What you should do - Which lines of the records below contain the word "CABLE"? Copy each of them out.

Supplied data -
+++
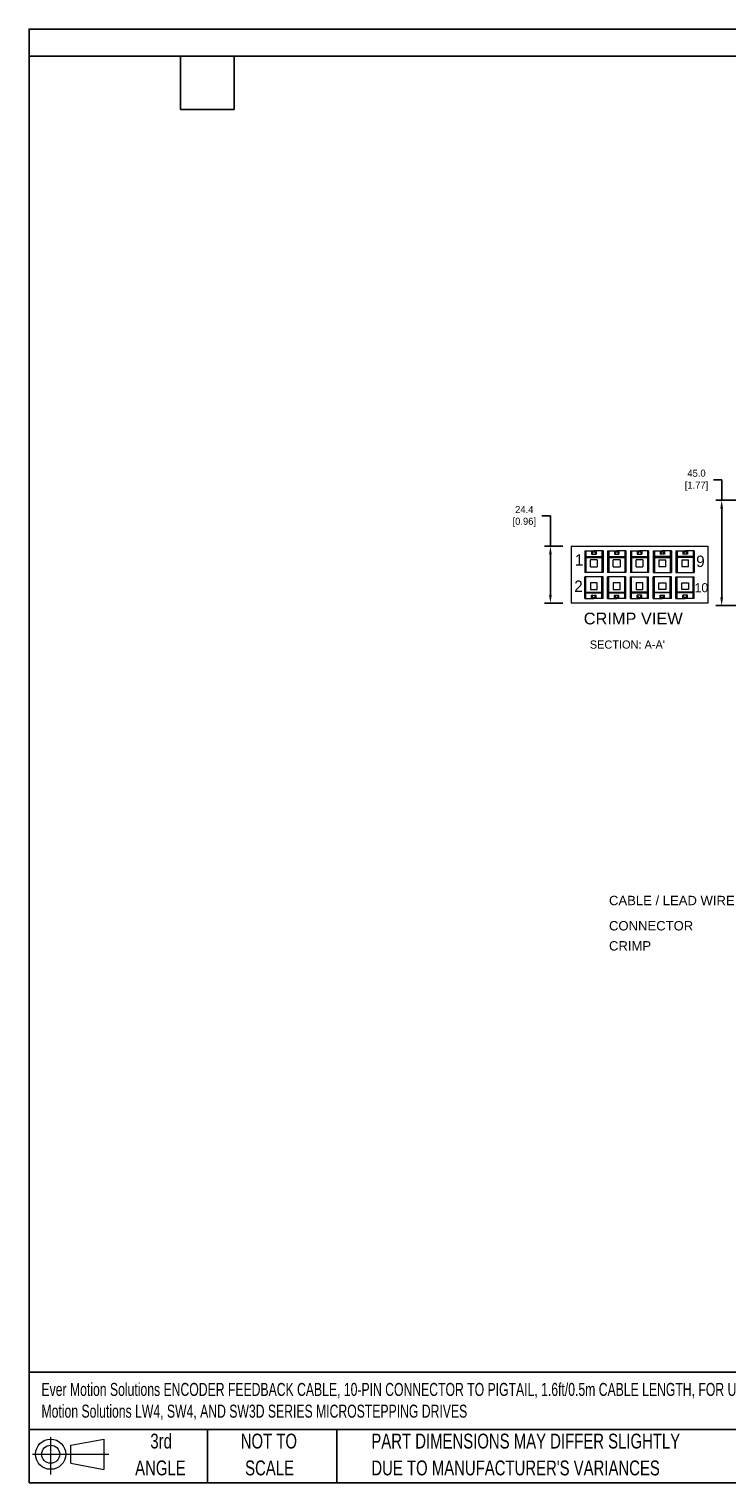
# Model space of a CAD drawing. Header units: inches. Extents: x 0 to 814, y 0 to 621.
# Tile 1 of 2: x 0 to 298, y 0 to 621. Entities that reach past the tile are written whole.
import ezdxf

# ---------------------------------------------------------------- set-up
doc = ezdxf.new("R2010")
doc.units = ezdxf.units.IN
doc.header["$LTSCALE"] = 10
doc.header["$MEASUREMENT"] = 0
doc.layers.add('DIMENSIONS', color=140, linetype='Continuous')
doc.layers.add('TEXT', color=140, linetype='Continuous')
doc.styles.add('SLDTEXTSTYLE0', font='TXT', dxfattribs={"width": 0.75})
doc.dimstyles.get("Standard").update_dxf_attribs({"dimtxt": 6, "dimasz": 6.5, "dimexe": 2.5, "dimexo": 3.5, "dimgap": 1.25, "dimtad": 0, "dimtih": 1, "dimtoh": 1, "dimdec": 1, "dimzin": 0, "dimdsep": 46, "dimtxsty": 'Standard', "dimcen": 0, "dimadec": 0, "dimazin": 0, "dimtfac": 1, "dimtdec": 1, "dimtofl": 0, "dimtmove": 0, "dimatfit": 3, "dimfxl": 0, "dimtolj": 1, "dimtzin": 0, "dimarcsym": 0})

# ---------------------------------------------------------------- blocks, each defined once
blk = doc.blocks.new('Block11')
at = {"color": 7, "linetype": 'Continuous', "lineweight": 18}
for p, q in [((7.77, 15.93), (7.77, 0)), ((16.44, 12.5), (30.53, 15.1)), ((16.44, 4.79), (16.44, 12.5)), ((30.53, 15.1), (30.53, 2.19)), ((0, 8.65), (32.62, 8.65)), ((16.44, 4.79), (30.53, 2.19))]:
    blk.add_line(p, q, dxfattribs=at)
for radius in [6.45, 3.86]:
    blk.add_circle((7.77, 8.65), radius, dxfattribs=at)
blk = doc.blocks.new('Block12')
at = {"color": 7, "linetype": 'Continuous'}
blk.add_blockref('Block11', (0, 0), dxfattribs=at)
blk = doc.blocks.new('SW_NOTE_0_3')
at = {"layer": 'TEXT', "color": 0, "char_height": 6.35, "attachment_point": 1, "style": 'SLDTEXTSTYLE0'}
for s, insert in [('PART DIMENSIONS MAY DIFFER SLIGHTLY', (0, 8.19)), ("DUE TO MANUFACTURER'S VARIANCES", (0, -3.28))]:
    blk.add_mtext(s, dxfattribs=dict(at, insert=insert))
blk = doc.blocks.new('SW_NOTE_0_4')
at = {"layer": 'TEXT', "color": 0, "char_height": 6.35, "attachment_point": 2, "style": 'SLDTEXTSTYLE0'}
for s, insert in [('NOT TO', (15.78, 8.19)), ('SCALE', (16.06, -3.28))]:
    blk.add_mtext(s, dxfattribs=dict(at, insert=insert))
blk = doc.blocks.new('SW_NOTE_0_5')
at = {"layer": 'TEXT', "color": 0, "char_height": 6.35, "attachment_point": 2, "style": 'SLDTEXTSTYLE0'}
for s, insert in [('3rd', (6.95, 8.19)), ('ANGLE', (6.65, -3.28))]:
    blk.add_mtext(s, dxfattribs=dict(at, insert=insert))
blk = doc.blocks.new('*D33')
at = {"color": 0, "lineweight": -2}
for p, q in [((292.54, 428.62), (296.04, 428.62)), ((296.04, 428.62), (296.04, 419.83)), ((302.44, 419.83), (293.54, 419.83)), ((296.04, 416.33), (296.04, 378.33)), ((303.94, 374.83), (293.54, 374.83))]:
    blk.add_line(p, q, dxfattribs=at)
at = {"color": 0}
for points in [[(295.45, 416.33), (296.62, 416.33), (296.04, 419.83)], [(295.45, 378.33), (296.62, 378.33), (296.04, 374.83)]]:
    blk.add_solid(points, dxfattribs=at)
at = {"layer": 'DEFPOINTS', "color": 0}
for p in [(305.94, 419.83), (296.04, 374.83), (307.44, 374.83)]:
    blk.add_point(p, dxfattribs=at)
at = {"color": 0, "lineweight": 15, "char_height": 3, "attachment_point": 5}
for s, insert in [('\\A1;45.0', (285.29, 431.37)), ('\\A1;[1.77]', (285.29, 425.87))]:
    blk.add_mtext(s, dxfattribs=dict(at, insert=insert))
blk = doc.blocks.new('*D37')
at = {"color": 0, "lineweight": -2}
for p, q in [((219.18, 413.17), (222.85, 413.17)), ((222.85, 413.17), (222.85, 400.24)), ((228.17, 400.24), (220.35, 400.24)), ((222.85, 396.74), (222.85, 379.36)), ((228.17, 375.86), (220.35, 375.86))]:
    blk.add_line(p, q, dxfattribs=at)
at = {"color": 0}
for points in [[(222.27, 396.74), (223.43, 396.74), (222.85, 400.24)], [(222.27, 379.36), (223.43, 379.36), (222.85, 375.86)]]:
    blk.add_solid(points, dxfattribs=at)
at = {"layer": 'DEFPOINTS', "color": 0}
for p in [(231.67, 400.24), (222.85, 375.86), (231.67, 375.86)]:
    blk.add_point(p, dxfattribs=at)
at = {"color": 0, "lineweight": 15, "char_height": 3, "attachment_point": 5}
for s, insert in [('\\A1;24.4', (211.68, 415.92)), ('\\A1;[0.96]', (211.68, 410.42))]:
    blk.add_mtext(s, dxfattribs=dict(at, insert=insert))

msp = doc.modelspace()

# ---------------------------------------------------------------- linework, layer by layer
at = {"lineweight": 15}
for p, q in [((231.67, 400.24), (290.17, 400.24)), ((231.67, 400.24), (231.67, 375.86)), ((237.52, 398.29), (237.52, 389.03)), ((237.52, 398.29), (241.42, 398.29)), ((237.52, 398.04), (238.01, 398.04)), ((238.01, 398.29), (238.01, 395.85)), ((241.42, 398.29), (240.44, 396.83)), ((240.44, 398.29), (240.44, 396.83)), ((245.32, 398.29), (241.42, 398.29)), ((241.42, 398.29), (242.39, 396.83)), ((242.39, 398.29), (242.39, 396.83)), ((244.83, 398.29), (244.83, 395.85)), ((244.83, 398.04), (245.32, 398.04)), ((245.32, 398.29), (245.32, 389.03)), ((247.27, 398.29), (247.27, 389.03)), ((247.27, 398.29), (251.17, 398.29)), ((247.27, 398.04), (247.76, 398.04)), ((247.76, 398.29), (247.76, 395.85)), ((250.19, 398.29), (250.19, 396.83)), ((251.17, 398.29), (250.19, 396.83)), ((251.17, 398.29), (252.14, 396.83)), ((255.07, 398.29), (251.17, 398.29)), ((252.14, 398.29), (252.14, 396.83)), ((254.58, 398.29), (254.58, 395.85)), ((254.58, 398.04), (255.07, 398.04)), ((255.07, 398.29), (255.07, 389.03)), ((257.02, 398.29), (257.02, 389.03)), ((257.02, 398.29), (260.92, 398.29)), ((257.02, 398.04), (257.51, 398.04)), ((257.51, 398.29), (257.51, 395.85)), ((260.92, 398.29), (259.94, 396.83)), ((259.94, 398.29), (259.94, 396.83)), ((260.92, 398.29), (261.89, 396.83)), ((264.82, 398.29), (260.92, 398.29)), ((261.89, 398.29), (261.89, 396.83)), ((264.33, 398.29), (264.33, 395.85)), ((264.33, 398.04), (264.82, 398.04)), ((264.82, 398.29), (264.82, 389.03)), ((266.77, 398.29), (266.77, 389.03)), ((266.77, 398.29), (270.67, 398.29)), ((266.77, 398.04), (267.26, 398.04)), ((267.26, 398.29), (267.26, 395.85)), ((270.67, 398.29), (269.69, 396.83)), ((269.69, 398.29), (269.69, 396.83)), ((270.67, 398.29), (271.64, 396.83)), ((274.57, 398.29), (270.67, 398.29)), ((271.64, 398.29), (271.64, 396.83)), ((274.08, 398.29), (274.08, 395.85)), ((274.08, 398.04), (274.57, 398.04)), ((274.57, 398.29), (274.57, 389.03)), ((276.52, 398.29), (276.52, 389.03)), ((276.52, 398.29), (280.42, 398.29)), ((276.52, 398.04), (277.01, 398.04)), ((277.01, 398.29), (277.01, 395.85)), ((280.42, 398.29), (279.44, 396.83)), ((279.44, 398.29), (279.44, 396.83)), ((280.42, 398.29), (281.39, 396.83)), ((284.32, 398.29), (280.42, 398.29)), ((281.39, 398.29), (281.39, 396.83)), ((283.83, 398.29), (283.83, 395.85)), ((283.83, 398.04), (284.32, 398.04)), ((284.32, 398.29), (284.32, 389.03)), ((290.17, 400.24), (290.17, 375.86)), ((238.01, 395.85), (237.52, 395.85)), ((238.01, 395.85), (244.83, 395.85)), ((238.01, 395.85), (238.01, 389.03)), ((238.01, 395.46), (244.83, 395.46)), ((239.96, 391.46), (239.96, 394.39)), ((242.88, 394.39), (239.96, 394.39)), ((239.96, 391.46), (242.88, 391.46)), ((240.44, 396.83), (242.39, 396.83)), ((242.88, 394.39), (242.88, 391.46)), ((244.83, 395.85), (244.83, 389.03)), ((244.83, 395.85), (245.32, 395.85)), ((247.76, 395.85), (247.27, 395.85)), ((247.76, 395.85), (247.76, 389.03)), ((247.76, 395.85), (254.58, 395.85)), ((247.76, 395.46), (254.58, 395.46)), ((252.63, 394.39), (249.71, 394.39)), ((249.71, 391.46), (249.71, 394.39)), ((249.71, 391.46), (252.63, 391.46)), ((250.19, 396.83), (252.14, 396.83)), ((252.63, 394.39), (252.63, 391.46)), ((254.58, 395.85), (254.58, 389.03)), ((254.58, 395.85), (255.07, 395.85)), ((257.51, 395.85), (257.02, 395.85)), ((257.51, 395.85), (264.33, 395.85)), ((257.51, 395.85), (257.51, 389.03)), ((257.51, 395.46), (264.33, 395.46)), ((262.38, 394.39), (259.46, 394.39)), ((259.46, 391.46), (259.46, 394.39)), ((259.46, 391.46), (262.38, 391.46)), ((259.94, 396.83), (261.89, 396.83)), ((262.38, 394.39), (262.38, 391.46)), ((264.33, 395.85), (264.33, 389.03)), ((264.33, 395.85), (264.82, 395.85)), ((267.26, 395.85), (266.77, 395.85)), ((267.26, 395.85), (267.26, 389.03)), ((274.08, 395.85), (267.26, 395.85)), ((267.26, 395.46), (274.08, 395.46)), ((269.21, 394.39), (269.21, 391.46)), ((269.21, 394.39), (272.13, 394.39)), ((272.13, 391.46), (269.21, 391.46)), ((271.64, 396.83), (269.69, 396.83)), ((272.13, 391.46), (272.13, 394.39)), ((274.08, 395.85), (274.08, 389.03)), ((274.08, 395.85), (274.57, 395.85)), ((277.01, 395.85), (276.52, 395.85)), ((277.01, 395.85), (277.01, 389.03)), ((283.83, 395.85), (277.01, 395.85)), ((283.83, 395.46), (277.01, 395.46)), ((278.96, 394.39), (281.88, 394.39)), ((278.96, 394.39), (278.96, 391.46)), ((281.88, 391.46), (278.96, 391.46)), ((281.39, 396.83), (279.44, 396.83)), ((281.88, 391.46), (281.88, 394.39)), ((283.83, 395.85), (283.83, 389.03)), ((283.83, 395.85), (284.32, 395.85)), ((245.32, 389.03), (237.52, 389.03)), ((245.32, 387.08), (237.52, 387.08)), ((237.52, 377.81), (237.52, 387.08)), ((238.01, 380.25), (238.01, 387.08)), ((244.83, 380.25), (244.83, 387.08)), ((245.32, 377.81), (245.32, 387.08)), ((255.07, 389.03), (247.27, 389.03)), ((247.27, 377.81), (247.27, 387.08)), ((255.07, 387.08), (247.27, 387.08)), ((247.76, 380.25), (247.76, 387.08)), ((254.58, 380.25), (254.58, 387.08)), ((255.07, 377.81), (255.07, 387.08)), ((264.82, 389.03), (257.02, 389.03)), ((257.02, 377.81), (257.02, 387.08)), ((257.02, 387.08), (264.82, 387.08)), ((257.51, 380.25), (257.51, 387.08)), ((264.33, 380.25), (264.33, 387.08)), ((264.82, 377.81), (264.82, 387.08)), ((266.77, 389.03), (274.57, 389.03)), ((266.77, 377.81), (266.77, 387.08)), ((274.57, 387.08), (266.77, 387.08)), ((267.26, 380.25), (267.26, 387.08)), ((274.08, 380.25), (274.08, 387.08)), ((274.57, 377.81), (274.57, 387.08)), ((276.52, 389.03), (284.32, 389.03)), ((276.52, 377.81), (276.52, 387.08)), ((276.52, 387.08), (284.32, 387.08)), ((277.01, 380.25), (277.01, 387.08)), ((283.83, 380.25), (283.83, 387.08)), ((284.32, 377.81), (284.32, 387.08)), ((238.01, 380.25), (237.52, 380.25)), ((238.01, 380.64), (244.83, 380.64)), ((238.01, 380.25), (244.83, 380.25)), ((238.01, 377.81), (238.01, 380.25)), ((239.96, 384.64), (239.96, 381.71)), ((242.88, 384.64), (239.96, 384.64)), ((239.96, 381.71), (242.88, 381.71)), ((240.44, 379.28), (242.39, 379.28)), ((241.42, 377.81), (240.44, 379.28)), ((240.44, 377.81), (240.44, 379.28)), ((241.42, 377.81), (242.39, 379.28)), ((242.39, 377.81), (242.39, 379.28)), ((242.88, 381.71), (242.88, 384.64)), ((244.83, 377.81), (244.83, 380.25)), ((244.83, 380.25), (245.32, 380.25)), ((247.76, 380.25), (247.27, 380.25)), ((247.76, 380.64), (254.58, 380.64)), ((247.76, 380.25), (254.58, 380.25)), ((247.76, 377.81), (247.76, 380.25)), ((249.71, 384.64), (249.71, 381.71)), ((252.63, 384.64), (249.71, 384.64)), ((249.71, 381.71), (252.63, 381.71)), ((250.19, 379.28), (252.14, 379.28)), ((250.19, 377.81), (250.19, 379.28)), ((251.17, 377.81), (250.19, 379.28)), ((251.17, 377.81), (252.14, 379.28)), ((252.14, 377.81), (252.14, 379.28)), ((252.63, 381.71), (252.63, 384.64)), ((254.58, 377.81), (254.58, 380.25)), ((254.58, 380.25), (255.07, 380.25)), ((257.51, 380.25), (257.02, 380.25)), ((264.33, 380.64), (257.51, 380.64)), ((257.51, 380.25), (264.33, 380.25)), ((257.51, 377.81), (257.51, 380.25)), ((259.46, 384.64), (259.46, 381.71)), ((262.38, 384.64), (259.46, 384.64)), ((259.46, 381.71), (262.38, 381.71)), ((261.89, 379.28), (259.94, 379.28)), ((260.92, 377.81), (259.94, 379.28)), ((259.94, 377.81), (259.94, 379.28)), ((260.92, 377.81), (261.89, 379.28)), ((261.89, 377.81), (261.89, 379.28)), ((262.38, 381.71), (262.38, 384.64)), ((264.33, 377.81), (264.33, 380.25)), ((264.33, 380.25), (264.82, 380.25)), ((267.26, 380.25), (266.77, 380.25)), ((267.26, 380.64), (274.08, 380.64)), ((274.08, 380.25), (267.26, 380.25)), ((267.26, 377.81), (267.26, 380.25)), ((269.21, 381.71), (269.21, 384.64)), ((269.21, 384.64), (272.13, 384.64)), ((272.13, 381.71), (269.21, 381.71)), ((269.69, 377.81), (269.69, 379.28)), ((270.67, 377.81), (269.69, 379.28)), ((269.69, 379.28), (271.64, 379.28)), ((270.67, 377.81), (271.64, 379.28)), ((271.64, 377.81), (271.64, 379.28)), ((272.13, 384.64), (272.13, 381.71)), ((274.08, 380.25), (274.57, 380.25)), ((274.08, 377.81), (274.08, 380.25)), ((277.01, 380.25), (276.52, 380.25)), ((283.83, 380.64), (277.01, 380.64)), ((283.83, 380.25), (277.01, 380.25)), ((277.01, 377.81), (277.01, 380.25)), ((278.96, 381.71), (278.96, 384.64)), ((278.96, 384.64), (281.88, 384.64)), ((281.88, 381.71), (278.96, 381.71)), ((279.44, 377.81), (279.44, 379.28)), ((281.39, 379.28), (279.44, 379.28)), ((280.42, 377.81), (279.44, 379.28)), ((280.42, 377.81), (281.39, 379.28)), ((281.39, 377.81), (281.39, 379.28)), ((281.88, 384.64), (281.88, 381.71)), ((283.83, 380.25), (284.32, 380.25)), ((283.83, 377.81), (283.83, 380.25)), ((290.17, 375.86), (231.67, 375.86)), ((238.01, 378.06), (237.52, 378.06)), ((237.52, 377.81), (241.42, 377.81)), ((245.32, 377.81), (241.42, 377.81)), ((245.32, 378.06), (244.83, 378.06)), ((247.76, 378.06), (247.27, 378.06)), ((247.27, 377.81), (251.17, 377.81)), ((255.07, 377.81), (251.17, 377.81)), ((255.07, 378.06), (254.58, 378.06)), ((257.51, 378.06), (257.02, 378.06)), ((257.02, 377.81), (260.92, 377.81)), ((264.82, 377.81), (260.92, 377.81)), ((264.82, 378.06), (264.33, 378.06)), ((267.26, 378.06), (266.77, 378.06)), ((266.77, 377.81), (270.67, 377.81)), ((274.57, 377.81), (270.67, 377.81)), ((274.57, 378.06), (274.08, 378.06)), ((277.01, 378.06), (276.52, 378.06)), ((276.52, 377.81), (280.42, 377.81)), ((284.32, 377.81), (280.42, 377.81)), ((284.32, 378.06), (283.83, 378.06))]:
    msp.add_line(p, q, dxfattribs=at)
at = {"layer": 'DEFPOINTS'}
msp.add_lwpolyline([(0, 0), (813.96, 0), (813.96, 621.17), (0, 621.17)], close=True, dxfattribs=at)
at = {"layer": 'TEXT'}
for p, q in [((0, 609.6), (800.1, 609.6)), ((0, 609.6), (0, 0)), ((64.77, 586.74), (64.77, 609.6)), ((87.63, 586.74), (87.63, 609.6)), ((64.77, 586.74), (87.63, 586.74)), ((800.1, 47.33), (0, 47.33)), ((800.1, 22.86), (0, 22.86)), ((76.2, 22.86), (76.2, 0)), ((131.58, 22.86), (131.58, 0)), ((0, 0), (800.1, 0))]:
    msp.add_line(p, q, dxfattribs=at)

# ---------------------------------------------------------------- block references
for name, p in [('Block12', (1.46, 3.61)), ('SW_NOTE_0_5', (49.49, 12.86)), ('SW_NOTE_0_4', (86.72, 12.86)), ('SW_NOTE_0_3', (146.31, 12.86))]:
    msp.add_blockref(name, p, dxfattribs=at)

# ---------------------------------------------------------------- texts
at = {"layer": 'DIMENSIONS', "char_height": 3.5}
for insert, attachment_point in [((98.61, 112.42), 6), ((130.2, 112.22), 4)]:
    msp.add_mtext('\\A1;', dxfattribs=dict(at, insert=insert, attachment_point=attachment_point))
at = {"layer": 'TEXT', "lineweight": 15}
for s, height, p in [('1', 4.88, (233.33, 391.93)), ('9', 4.88, (285.14, 391.33)), ('2', 4.88, (233.04, 380.69)), ('10', 3.9, (284.49, 380.55))]:
    msp.add_text(s, height=height, dxfattribs=at).set_placement(p)
for s, insert, char_height, width, attachment_point in [('{\\fArial|b0|i0|c0|p34;CRIMP VIEW}', (258.24, 371.82), 5, 48.6242, 2), ('\\fArial|b0|i0;CABLE / LEAD WIRE', (247.88, 250.84), 4, 55.3714, 1), ('\\fArial|b0|i0;CONNECTOR', (247.88, 240.05), 4, 43.7405, 1), ('\\fArial|b0|i0;CRIMP', (247.88, 231.47), 4, 43.7405, 1)]:
    msp.add_mtext(s, dxfattribs=dict(at, insert=insert, char_height=char_height, width=width, attachment_point=attachment_point))
at = {"layer": 'TEXT', "insert": (239.68, 359.94), "char_height": 3.5, "attachment_point": 1}
msp.add_mtext_dynamic_manual_height_columns("SECTION: A-A'", width=52.6133, gutter_width=42.33, heights=[6], dxfattribs=at)
at = {"layer": 'TEXT', "insert": (5.31, 42.73), "char_height": 5.57052, "attachment_point": 1, "style": 'SLDTEXTSTYLE0'}
msp.add_mtext('{\\W0.7;Ever Motion Solutions ENCODER FEEDBACK CABLE, 10-PIN CONNECTOR TO PIGTAIL, 1.6ft/0.5m CABLE LENGTH, FOR USE WITH Ever\\PMotion Solutions LW4, SW4, AND SW3D SERIES MICROSTEPPING DRIVES}', dxfattribs=at)

# ---------------------------------------------------------------- dimensions: what is measured, and where the dimension line sits
at = {"lineweight": 15}
for base, p1, p2, picture, middle in [((296.04, 374.83), (305.94, 419.83), (307.44, 374.83), '*D33', (289.03, 428.62)), ((222.85, 375.86), (231.67, 400.24), (231.67, 375.86), '*D37', (211.68, 413.17))]:
    dim = msp.add_linear_dim(base=base, p1=p1, p2=p2, angle=90, dimstyle='Standard', override={"dimtxt": 3, "dimasz": 3.5, "dimpost": '\\X', "dimtmove": 1}, dxfattribs=at)
    dim.commit()
    dim.dimension.update_dxf_attribs({"geometry": picture, "text_midpoint": middle, "dimtype": 160})

doc.saveas('drawing.dxf')
+++
Written answer -
for s, insert, char_height, width, attachment_point in [('{\\fArial|b0|i0|c0|p34;CRIMP VIEW}', (258.24, 371.82), 5, 48.6242, 2), ('\\fArial|b0|i0;CABLE / LEAD WIRE', (247.88, 250.84), 4, 55.3714, 1), ('\\fArial|b0|i0;CONNECTOR', (247.88, 240.05), 4, 43.7405, 1), ('\\fArial|b0|i0;CRIMP', (247.88, 231.47), 4, 43.7405, 1)]:
msp.add_mtext('{\\W0.7;Ever Motion Solutions ENCODER FEEDBACK CABLE, 10-PIN CONNECTOR TO PIGTAIL, 1.6ft/0.5m CABLE LENGTH, FOR USE WITH Ever\\PMotion Solutions LW4, SW4, AND SW3D SERIES MICROSTEPPING DRIVES}', dxfattribs=at)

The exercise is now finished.